• [What the task requires]
Find the string "Answer" in the data, then copy every line where it is found.

────

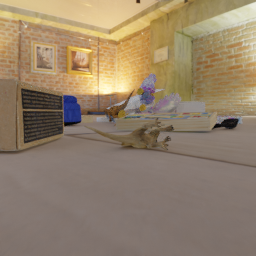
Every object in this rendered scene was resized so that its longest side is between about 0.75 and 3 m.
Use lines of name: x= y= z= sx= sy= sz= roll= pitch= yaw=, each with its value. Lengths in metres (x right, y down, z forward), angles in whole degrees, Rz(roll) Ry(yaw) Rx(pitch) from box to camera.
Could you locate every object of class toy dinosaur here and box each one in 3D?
toy dinosaur: x=-0.433 y=-0.686 z=11.407 sx=0.637 sy=1.120 sz=2.109 roll=-14 pitch=-4 yaw=-42
toy dinosaur: x=0.192 y=0.185 z=4.596 sx=0.880 sy=0.507 sz=1.741 roll=-17 pitch=-15 yaw=37

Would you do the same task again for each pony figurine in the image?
pony figurine: x=0.812 y=-1.025 z=11.740 sx=1.928 sy=2.235 sz=2.316 roll=44 pitch=14 yaw=16

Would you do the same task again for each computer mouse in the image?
computer mouse: x=3.272 y=-0.092 z=9.640 sx=0.957 sy=0.314 sz=1.363 roll=-1 pitch=9 yaw=27

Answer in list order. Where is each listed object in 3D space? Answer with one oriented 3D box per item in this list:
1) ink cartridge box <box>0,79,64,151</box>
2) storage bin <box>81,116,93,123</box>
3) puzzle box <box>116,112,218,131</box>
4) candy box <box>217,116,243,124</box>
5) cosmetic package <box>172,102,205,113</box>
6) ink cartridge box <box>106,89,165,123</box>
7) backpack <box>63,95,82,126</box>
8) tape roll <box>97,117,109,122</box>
ink cartridge box: x=-2.950 y=-0.256 z=5.213 sx=2.965 sy=1.114 sz=2.443 roll=1 pitch=2 yaw=2
storage bin: x=-2.397 y=-0.474 z=14.924 sx=0.816 sy=0.382 sz=0.810 roll=-4 pitch=5 yaw=-40
puzzle box: x=1.320 y=-0.243 z=9.135 sx=2.934 sy=0.373 sz=1.952 roll=0 pitch=9 yaw=23
candy box: x=4.953 y=-0.396 z=13.672 sx=1.044 sy=0.374 sz=0.876 roll=0 pitch=3 yaw=10
cosmetic package: x=3.246 y=-0.907 z=15.779 sx=1.875 sy=1.153 sz=1.869 roll=2 pitch=4 yaw=4
ink cartridge box: x=0.342 y=-1.176 z=14.492 sx=2.916 sy=0.731 sz=2.365 roll=-23 pitch=12 yaw=-11
backpack: x=-2.867 y=-0.709 z=11.637 sx=1.542 sy=1.294 sz=1.253 roll=-6 pitch=-1 yaw=-26
tape roll: x=-1.123 y=-0.498 z=16.283 sx=1.428 sy=0.261 sz=1.428 roll=-1 pitch=3 yaw=0
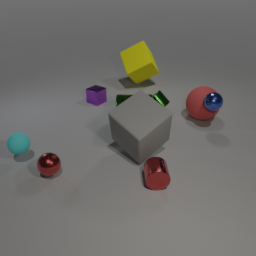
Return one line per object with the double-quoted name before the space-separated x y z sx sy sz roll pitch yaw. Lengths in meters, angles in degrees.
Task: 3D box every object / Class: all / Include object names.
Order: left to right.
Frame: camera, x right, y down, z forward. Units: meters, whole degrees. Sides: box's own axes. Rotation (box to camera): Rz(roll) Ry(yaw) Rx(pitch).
"ball" -3.457 0.489 8.860 0.700 0.700 0.700 0 29 0
"ball" -2.351 1.077 8.348 0.700 0.700 0.700 0 29 0
"cube" -1.495 -1.554 13.260 0.700 0.700 0.700 19 34 31
"cylinder" 0.253 -0.592 10.782 1.400 1.400 1.400 0 29 0
"cube" 0.618 -3.424 14.772 1.400 1.400 1.400 -23 70 16
"cube" 0.387 -0.041 8.868 1.400 1.400 1.400 -37 60 -22
"cylinder" 0.826 1.305 8.077 0.700 0.700 0.700 -1 30 -2
"cylinder" 1.358 -1.182 12.309 0.700 0.700 0.700 49 39 -2
"ball" 3.098 -1.022 11.552 1.400 1.400 1.400 0 29 0
"ball" 3.184 -0.986 10.443 0.700 0.700 0.700 0 29 0
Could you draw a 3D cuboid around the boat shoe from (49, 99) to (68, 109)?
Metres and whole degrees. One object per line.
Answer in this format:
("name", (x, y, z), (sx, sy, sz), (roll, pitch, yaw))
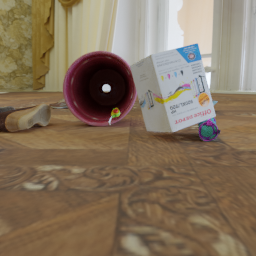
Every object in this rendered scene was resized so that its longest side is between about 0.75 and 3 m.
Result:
("boat shoe", (-3.648, -1.383, 15.758), (1.535, 0.551, 0.581), (-2, 10, -14))

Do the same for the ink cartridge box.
("ink cartridge box", (1.163, -0.997, 7.484), (1.439, 1.955, 1.414), (-18, 7, -20))

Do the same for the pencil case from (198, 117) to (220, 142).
("pencil case", (2.170, -0.027, 7.588), (0.522, 0.567, 1.227), (15, 14, 10))

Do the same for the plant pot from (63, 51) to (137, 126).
("plant pot", (-0.877, -1.468, 10.286), (2.508, 2.508, 2.245), (1, 10, 3))

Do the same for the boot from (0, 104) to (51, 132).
("boot", (-3.697, -0.403, 9.251), (1.786, 0.777, 2.147), (3, 13, 9))

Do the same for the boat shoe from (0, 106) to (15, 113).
("boat shoe", (-5.424, -0.623, 11.334), (1.647, 0.624, 0.591), (4, 1, -39))

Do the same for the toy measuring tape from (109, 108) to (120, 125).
("toy measuring tape", (-0.425, -0.391, 9.194), (0.277, 0.277, 0.753), (3, 49, 17))

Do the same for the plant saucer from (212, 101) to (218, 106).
("plant saucer", (3.044, -1.161, 14.109), (2.818, 0.542, 2.818), (3, 5, 0))

────

• [Task output]
Answer in list order. Where is each listed object in 3D space? Answer with one oriented 3D box per item in this list:
Answer in this format:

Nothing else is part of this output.